Records excerpted from a collection
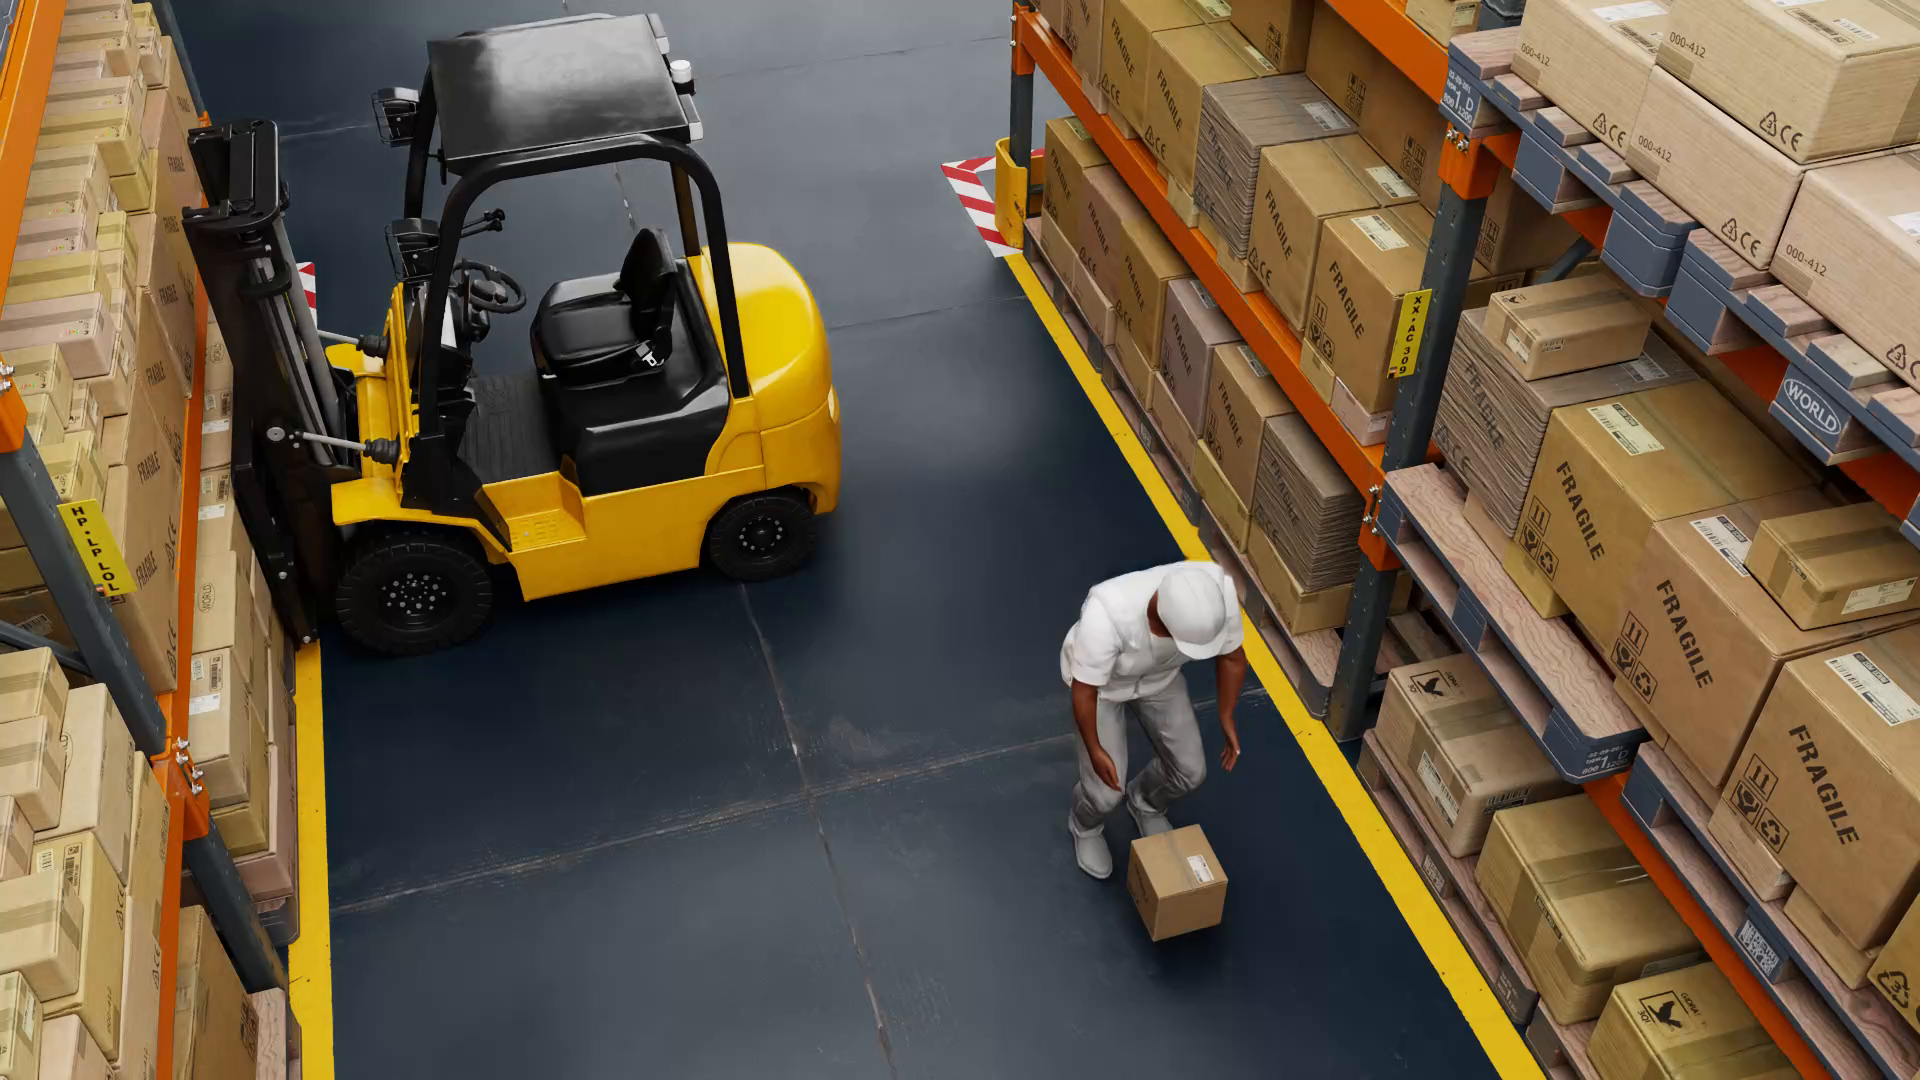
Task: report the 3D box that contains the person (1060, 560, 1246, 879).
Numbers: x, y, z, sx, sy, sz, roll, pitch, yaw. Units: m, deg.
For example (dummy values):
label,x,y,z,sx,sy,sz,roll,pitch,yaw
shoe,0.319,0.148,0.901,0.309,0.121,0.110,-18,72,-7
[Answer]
label,x,y,z,sx,sy,sz,roll,pitch,yaw
person,0.648,0.552,5.697,0.625,1.543,0.666,-12,43,-13

(Task item) Only the pictures may be dropped; print every record exactly as given.

(Exercise output)
Task: report the 3D box that contains the person (1060, 560, 1246, 879).
Numbers: x, y, z, sx, sy, sz, roll, pitch, yaw. Units: m, deg.
For example (dummy values):
label,x,y,z,sx,sy,sz,roll,pitch,yaw
shoe,0.319,0.148,0.901,0.309,0.121,0.110,-18,72,-7
[Answer]
label,x,y,z,sx,sy,sz,roll,pitch,yaw
person,0.648,0.552,5.697,0.625,1.543,0.666,-12,43,-13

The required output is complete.